WHAT YOU HAVE TO DO: Gather every line in the records below that contains the word "data".

RECORDS FOR PROCESSING:
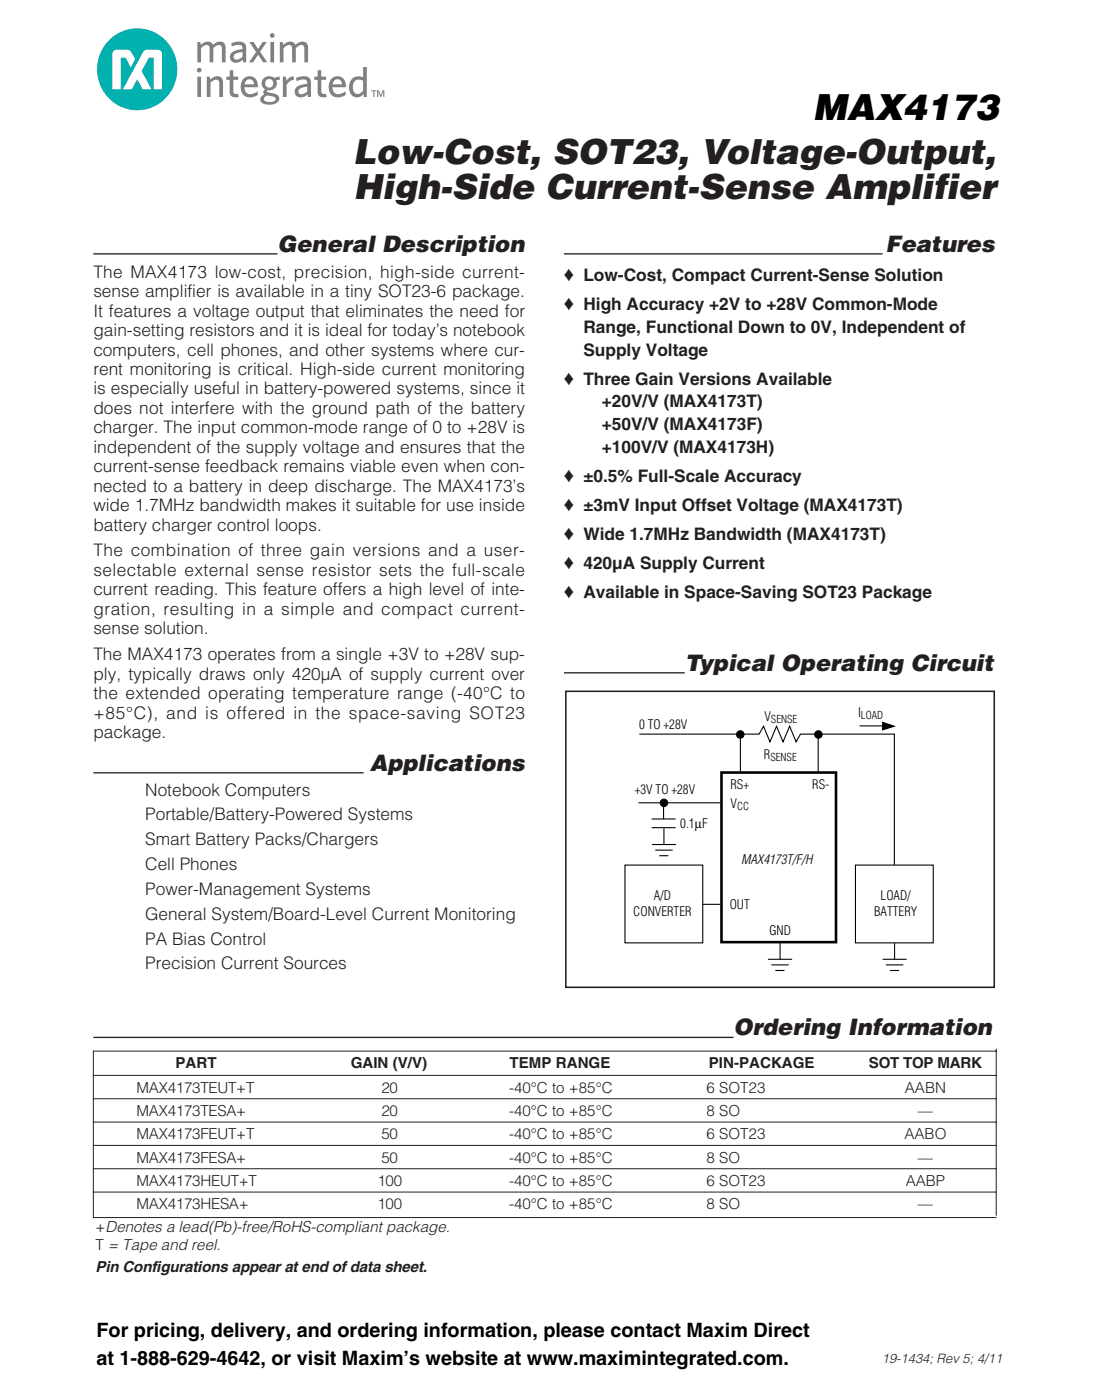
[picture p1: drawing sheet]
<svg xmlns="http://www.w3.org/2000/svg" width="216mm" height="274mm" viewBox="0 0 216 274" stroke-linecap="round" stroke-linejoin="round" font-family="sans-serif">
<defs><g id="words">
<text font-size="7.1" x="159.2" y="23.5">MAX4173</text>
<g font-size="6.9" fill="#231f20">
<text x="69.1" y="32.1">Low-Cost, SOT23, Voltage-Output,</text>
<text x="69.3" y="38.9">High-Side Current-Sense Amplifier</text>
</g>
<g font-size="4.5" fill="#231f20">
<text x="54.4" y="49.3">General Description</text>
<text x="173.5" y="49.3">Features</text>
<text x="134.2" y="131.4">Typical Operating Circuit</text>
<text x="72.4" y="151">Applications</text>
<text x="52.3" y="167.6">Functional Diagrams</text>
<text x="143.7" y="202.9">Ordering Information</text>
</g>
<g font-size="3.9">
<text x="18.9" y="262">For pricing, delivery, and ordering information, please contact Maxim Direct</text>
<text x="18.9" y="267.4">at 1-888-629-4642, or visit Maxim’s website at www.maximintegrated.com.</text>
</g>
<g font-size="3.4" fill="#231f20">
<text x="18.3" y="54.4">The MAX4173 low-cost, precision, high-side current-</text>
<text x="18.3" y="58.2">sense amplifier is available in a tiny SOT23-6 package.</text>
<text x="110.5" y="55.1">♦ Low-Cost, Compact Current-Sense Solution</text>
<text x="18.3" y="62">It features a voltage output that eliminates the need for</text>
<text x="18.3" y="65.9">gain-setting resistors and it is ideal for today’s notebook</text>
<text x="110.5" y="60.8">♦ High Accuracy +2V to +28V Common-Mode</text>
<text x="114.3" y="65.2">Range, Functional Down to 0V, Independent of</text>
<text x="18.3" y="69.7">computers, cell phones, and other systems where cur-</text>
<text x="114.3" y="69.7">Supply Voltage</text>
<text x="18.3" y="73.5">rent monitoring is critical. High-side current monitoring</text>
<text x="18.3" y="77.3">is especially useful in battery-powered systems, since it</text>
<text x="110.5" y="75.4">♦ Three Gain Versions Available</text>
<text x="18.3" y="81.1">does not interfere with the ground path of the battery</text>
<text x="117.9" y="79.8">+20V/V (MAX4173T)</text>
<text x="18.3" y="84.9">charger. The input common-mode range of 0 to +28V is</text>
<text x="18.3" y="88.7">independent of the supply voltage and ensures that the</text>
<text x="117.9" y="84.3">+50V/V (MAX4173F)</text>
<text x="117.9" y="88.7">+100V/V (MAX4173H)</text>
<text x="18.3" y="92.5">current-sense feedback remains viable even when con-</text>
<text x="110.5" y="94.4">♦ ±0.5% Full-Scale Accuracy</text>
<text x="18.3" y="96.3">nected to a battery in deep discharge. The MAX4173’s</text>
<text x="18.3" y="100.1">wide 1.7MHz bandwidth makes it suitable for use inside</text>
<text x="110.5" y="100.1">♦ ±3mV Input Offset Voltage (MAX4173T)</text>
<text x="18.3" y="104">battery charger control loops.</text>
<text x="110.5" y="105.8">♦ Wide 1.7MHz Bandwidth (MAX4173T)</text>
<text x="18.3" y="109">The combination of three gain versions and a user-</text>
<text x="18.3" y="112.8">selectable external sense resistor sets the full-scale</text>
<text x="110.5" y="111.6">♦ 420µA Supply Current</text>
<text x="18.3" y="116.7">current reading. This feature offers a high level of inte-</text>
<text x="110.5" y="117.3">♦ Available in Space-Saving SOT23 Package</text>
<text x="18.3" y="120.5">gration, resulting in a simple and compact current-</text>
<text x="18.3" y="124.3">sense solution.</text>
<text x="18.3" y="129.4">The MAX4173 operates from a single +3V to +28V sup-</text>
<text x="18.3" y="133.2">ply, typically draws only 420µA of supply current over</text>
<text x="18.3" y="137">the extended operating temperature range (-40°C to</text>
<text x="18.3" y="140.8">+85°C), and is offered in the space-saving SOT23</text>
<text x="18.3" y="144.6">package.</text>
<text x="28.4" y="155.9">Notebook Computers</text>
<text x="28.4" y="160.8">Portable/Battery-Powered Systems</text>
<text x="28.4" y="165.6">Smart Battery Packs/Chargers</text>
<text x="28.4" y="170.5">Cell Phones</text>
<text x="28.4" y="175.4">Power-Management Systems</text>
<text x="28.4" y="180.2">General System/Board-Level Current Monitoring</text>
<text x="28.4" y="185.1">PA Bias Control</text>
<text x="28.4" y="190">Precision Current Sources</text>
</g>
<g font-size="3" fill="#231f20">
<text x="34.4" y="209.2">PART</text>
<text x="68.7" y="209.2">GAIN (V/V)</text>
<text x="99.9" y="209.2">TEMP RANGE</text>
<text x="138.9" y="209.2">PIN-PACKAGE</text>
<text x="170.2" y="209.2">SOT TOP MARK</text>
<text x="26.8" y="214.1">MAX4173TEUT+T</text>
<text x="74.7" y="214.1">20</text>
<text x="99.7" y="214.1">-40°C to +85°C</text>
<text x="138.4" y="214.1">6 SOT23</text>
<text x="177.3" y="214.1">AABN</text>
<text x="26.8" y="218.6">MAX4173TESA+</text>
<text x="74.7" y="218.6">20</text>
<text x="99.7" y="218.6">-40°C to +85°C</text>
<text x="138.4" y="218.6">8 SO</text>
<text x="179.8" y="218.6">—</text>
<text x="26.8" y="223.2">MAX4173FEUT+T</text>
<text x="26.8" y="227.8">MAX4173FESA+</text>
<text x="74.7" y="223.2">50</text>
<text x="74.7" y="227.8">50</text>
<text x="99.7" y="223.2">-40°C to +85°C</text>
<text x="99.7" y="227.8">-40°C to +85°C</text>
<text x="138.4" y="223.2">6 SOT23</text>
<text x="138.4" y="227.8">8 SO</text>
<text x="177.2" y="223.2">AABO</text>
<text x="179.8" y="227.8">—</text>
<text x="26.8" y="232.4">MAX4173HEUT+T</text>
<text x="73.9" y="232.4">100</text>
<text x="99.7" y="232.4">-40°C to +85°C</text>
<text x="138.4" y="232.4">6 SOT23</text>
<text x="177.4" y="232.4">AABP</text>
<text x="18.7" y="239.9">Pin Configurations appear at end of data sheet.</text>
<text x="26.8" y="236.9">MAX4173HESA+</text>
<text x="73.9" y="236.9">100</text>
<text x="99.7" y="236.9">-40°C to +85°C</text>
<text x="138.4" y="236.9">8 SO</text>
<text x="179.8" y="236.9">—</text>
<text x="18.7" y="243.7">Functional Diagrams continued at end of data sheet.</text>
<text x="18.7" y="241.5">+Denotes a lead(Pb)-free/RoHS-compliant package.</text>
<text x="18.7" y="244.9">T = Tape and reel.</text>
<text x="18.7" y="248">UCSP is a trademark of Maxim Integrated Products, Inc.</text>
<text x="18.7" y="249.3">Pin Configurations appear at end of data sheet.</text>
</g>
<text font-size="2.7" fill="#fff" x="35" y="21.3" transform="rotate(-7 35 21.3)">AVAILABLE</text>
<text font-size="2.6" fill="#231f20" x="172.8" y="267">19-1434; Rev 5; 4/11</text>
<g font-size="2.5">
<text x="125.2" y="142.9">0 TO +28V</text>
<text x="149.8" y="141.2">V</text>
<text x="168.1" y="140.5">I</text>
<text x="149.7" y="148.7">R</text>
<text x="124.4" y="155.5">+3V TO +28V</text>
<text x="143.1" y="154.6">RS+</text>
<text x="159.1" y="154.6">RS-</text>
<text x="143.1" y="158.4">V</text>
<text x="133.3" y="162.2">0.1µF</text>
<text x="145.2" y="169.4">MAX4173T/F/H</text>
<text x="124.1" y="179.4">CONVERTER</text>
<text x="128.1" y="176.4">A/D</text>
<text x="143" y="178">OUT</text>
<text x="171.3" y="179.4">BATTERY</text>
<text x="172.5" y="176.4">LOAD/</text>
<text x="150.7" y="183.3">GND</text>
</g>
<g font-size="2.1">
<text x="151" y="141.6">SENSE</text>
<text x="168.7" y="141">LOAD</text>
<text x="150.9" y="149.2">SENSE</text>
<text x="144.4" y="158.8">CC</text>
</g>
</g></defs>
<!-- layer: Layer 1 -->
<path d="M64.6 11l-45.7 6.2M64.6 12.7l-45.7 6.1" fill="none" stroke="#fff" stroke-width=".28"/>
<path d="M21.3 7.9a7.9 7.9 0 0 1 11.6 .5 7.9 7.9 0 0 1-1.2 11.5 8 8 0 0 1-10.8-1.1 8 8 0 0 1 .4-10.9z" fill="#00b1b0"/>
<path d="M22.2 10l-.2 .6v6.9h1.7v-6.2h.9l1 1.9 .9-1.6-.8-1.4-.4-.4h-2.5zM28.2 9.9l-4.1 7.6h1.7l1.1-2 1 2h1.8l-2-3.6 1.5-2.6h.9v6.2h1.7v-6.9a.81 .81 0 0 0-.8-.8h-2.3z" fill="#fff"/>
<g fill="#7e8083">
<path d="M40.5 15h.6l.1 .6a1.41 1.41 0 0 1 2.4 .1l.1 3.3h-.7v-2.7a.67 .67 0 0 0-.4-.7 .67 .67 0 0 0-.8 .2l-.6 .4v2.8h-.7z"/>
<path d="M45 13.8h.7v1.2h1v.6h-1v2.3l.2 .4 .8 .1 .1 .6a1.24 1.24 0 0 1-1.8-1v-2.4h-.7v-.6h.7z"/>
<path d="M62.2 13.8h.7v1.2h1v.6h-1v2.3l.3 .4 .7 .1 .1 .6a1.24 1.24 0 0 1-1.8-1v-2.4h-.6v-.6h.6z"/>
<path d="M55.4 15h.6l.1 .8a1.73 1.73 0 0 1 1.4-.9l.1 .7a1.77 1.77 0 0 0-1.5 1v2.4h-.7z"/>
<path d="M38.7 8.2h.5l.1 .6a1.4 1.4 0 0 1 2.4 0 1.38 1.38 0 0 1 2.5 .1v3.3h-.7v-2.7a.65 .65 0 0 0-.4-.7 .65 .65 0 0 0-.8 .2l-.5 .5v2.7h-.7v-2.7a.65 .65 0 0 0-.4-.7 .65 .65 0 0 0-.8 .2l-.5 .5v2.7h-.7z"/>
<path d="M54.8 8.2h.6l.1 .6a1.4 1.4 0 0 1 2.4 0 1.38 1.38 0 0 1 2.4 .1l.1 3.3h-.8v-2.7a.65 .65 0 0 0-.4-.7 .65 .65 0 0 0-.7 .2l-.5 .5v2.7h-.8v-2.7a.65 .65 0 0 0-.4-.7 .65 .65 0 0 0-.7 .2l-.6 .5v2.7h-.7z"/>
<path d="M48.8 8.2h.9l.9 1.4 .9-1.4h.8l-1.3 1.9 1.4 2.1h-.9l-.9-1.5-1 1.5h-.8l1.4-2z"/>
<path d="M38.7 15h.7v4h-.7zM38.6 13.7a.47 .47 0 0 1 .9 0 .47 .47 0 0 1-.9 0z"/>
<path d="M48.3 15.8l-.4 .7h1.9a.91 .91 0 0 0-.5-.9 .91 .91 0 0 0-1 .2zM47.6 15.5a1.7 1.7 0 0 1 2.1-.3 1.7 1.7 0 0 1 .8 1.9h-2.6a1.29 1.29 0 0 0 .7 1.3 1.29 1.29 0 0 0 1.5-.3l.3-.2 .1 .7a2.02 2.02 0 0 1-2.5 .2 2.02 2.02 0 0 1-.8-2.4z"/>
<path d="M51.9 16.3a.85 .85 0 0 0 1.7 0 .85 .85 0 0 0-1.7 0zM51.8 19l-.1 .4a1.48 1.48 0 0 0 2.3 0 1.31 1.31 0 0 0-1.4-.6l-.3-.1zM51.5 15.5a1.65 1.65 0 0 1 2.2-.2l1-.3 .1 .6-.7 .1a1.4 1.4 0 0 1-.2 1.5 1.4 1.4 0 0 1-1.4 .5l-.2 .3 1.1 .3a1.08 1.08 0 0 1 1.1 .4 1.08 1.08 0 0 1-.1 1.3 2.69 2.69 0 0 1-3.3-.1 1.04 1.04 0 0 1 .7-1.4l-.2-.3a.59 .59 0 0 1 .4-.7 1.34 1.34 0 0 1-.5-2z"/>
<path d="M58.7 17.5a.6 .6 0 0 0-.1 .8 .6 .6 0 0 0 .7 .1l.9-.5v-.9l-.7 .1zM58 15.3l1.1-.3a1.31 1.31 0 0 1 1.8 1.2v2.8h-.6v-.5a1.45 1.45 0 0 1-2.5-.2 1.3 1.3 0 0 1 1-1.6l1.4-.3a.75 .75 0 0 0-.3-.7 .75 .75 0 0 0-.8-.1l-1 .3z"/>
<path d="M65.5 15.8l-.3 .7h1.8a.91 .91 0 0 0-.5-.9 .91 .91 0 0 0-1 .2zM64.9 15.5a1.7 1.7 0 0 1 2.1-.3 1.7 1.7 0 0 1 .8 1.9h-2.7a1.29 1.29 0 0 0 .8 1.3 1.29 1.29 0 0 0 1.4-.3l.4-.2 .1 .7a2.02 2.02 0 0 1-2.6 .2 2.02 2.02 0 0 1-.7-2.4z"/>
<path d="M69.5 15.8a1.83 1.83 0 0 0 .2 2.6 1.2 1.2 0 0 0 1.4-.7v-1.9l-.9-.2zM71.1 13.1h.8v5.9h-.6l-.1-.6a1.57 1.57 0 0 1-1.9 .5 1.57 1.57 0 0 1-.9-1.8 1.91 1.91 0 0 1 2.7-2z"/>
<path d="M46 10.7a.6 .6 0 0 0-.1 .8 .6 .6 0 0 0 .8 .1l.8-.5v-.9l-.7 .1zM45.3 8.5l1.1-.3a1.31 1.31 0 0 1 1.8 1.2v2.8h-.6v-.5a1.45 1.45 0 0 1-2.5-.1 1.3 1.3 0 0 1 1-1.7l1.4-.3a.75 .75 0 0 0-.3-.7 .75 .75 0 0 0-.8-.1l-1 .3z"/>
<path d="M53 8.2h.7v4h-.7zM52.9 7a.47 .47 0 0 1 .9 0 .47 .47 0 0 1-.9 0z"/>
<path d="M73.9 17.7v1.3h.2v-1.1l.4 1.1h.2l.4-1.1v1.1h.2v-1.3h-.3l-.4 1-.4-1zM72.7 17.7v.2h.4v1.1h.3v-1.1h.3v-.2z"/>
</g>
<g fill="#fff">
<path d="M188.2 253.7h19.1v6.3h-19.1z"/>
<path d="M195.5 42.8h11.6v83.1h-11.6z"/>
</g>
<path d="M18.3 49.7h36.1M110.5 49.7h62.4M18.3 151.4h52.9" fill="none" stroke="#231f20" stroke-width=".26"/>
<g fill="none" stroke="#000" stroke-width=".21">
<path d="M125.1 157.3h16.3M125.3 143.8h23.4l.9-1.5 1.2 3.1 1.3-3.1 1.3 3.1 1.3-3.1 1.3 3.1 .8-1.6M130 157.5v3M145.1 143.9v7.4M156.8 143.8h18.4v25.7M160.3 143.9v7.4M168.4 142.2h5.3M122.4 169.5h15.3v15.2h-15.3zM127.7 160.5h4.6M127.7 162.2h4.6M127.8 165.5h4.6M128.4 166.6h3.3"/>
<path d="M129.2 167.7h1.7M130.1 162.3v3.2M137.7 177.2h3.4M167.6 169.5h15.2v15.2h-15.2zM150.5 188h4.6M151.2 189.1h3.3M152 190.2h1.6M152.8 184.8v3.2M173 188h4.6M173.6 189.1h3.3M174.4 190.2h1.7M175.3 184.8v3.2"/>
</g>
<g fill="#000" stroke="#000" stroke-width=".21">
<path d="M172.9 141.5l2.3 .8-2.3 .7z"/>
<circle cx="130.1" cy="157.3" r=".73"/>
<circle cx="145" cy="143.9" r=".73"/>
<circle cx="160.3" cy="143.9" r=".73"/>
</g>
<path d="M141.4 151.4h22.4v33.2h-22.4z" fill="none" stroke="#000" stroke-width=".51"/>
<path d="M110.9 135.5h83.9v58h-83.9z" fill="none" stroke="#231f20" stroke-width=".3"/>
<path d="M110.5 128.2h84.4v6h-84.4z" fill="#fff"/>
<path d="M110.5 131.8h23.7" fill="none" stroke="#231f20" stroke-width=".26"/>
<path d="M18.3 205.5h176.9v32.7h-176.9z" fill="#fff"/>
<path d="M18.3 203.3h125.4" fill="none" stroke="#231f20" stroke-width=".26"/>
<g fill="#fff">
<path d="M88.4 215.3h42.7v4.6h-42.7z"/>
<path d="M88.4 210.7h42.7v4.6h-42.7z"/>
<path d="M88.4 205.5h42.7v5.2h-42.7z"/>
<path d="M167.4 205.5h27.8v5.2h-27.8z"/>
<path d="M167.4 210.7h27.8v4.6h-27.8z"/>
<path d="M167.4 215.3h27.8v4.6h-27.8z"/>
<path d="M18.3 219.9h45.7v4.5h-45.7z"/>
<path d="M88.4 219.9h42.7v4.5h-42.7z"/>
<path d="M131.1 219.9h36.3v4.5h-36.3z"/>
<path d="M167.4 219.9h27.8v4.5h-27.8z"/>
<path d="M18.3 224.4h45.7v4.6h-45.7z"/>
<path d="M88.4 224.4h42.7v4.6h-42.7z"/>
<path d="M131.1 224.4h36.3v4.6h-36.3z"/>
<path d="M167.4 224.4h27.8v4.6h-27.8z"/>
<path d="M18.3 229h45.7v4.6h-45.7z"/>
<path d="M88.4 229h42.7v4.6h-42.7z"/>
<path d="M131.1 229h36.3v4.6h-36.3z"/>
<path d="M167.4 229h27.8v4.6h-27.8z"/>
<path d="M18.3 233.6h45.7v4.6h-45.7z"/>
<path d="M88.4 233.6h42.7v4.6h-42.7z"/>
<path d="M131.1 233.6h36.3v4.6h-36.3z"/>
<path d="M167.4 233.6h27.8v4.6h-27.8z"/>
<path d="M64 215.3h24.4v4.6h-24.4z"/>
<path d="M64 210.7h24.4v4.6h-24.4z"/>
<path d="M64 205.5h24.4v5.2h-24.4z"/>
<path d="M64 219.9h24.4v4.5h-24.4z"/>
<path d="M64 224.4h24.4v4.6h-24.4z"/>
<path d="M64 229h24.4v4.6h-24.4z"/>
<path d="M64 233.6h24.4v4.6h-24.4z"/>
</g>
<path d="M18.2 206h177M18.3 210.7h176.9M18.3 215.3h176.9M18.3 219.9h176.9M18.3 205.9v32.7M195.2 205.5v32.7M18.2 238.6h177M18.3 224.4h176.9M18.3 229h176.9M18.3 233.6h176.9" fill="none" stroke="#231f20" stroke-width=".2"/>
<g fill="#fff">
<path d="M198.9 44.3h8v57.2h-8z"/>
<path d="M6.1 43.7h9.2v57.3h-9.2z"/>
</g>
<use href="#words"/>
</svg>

OUTPUT:
<text x="18.7" y="239.9">Pin Configurations appear at end of data sheet.</text>
<text x="18.7" y="243.7">Functional Diagrams continued at end of data sheet.</text>
<text x="18.7" y="249.3">Pin Configurations appear at end of data sheet.</text>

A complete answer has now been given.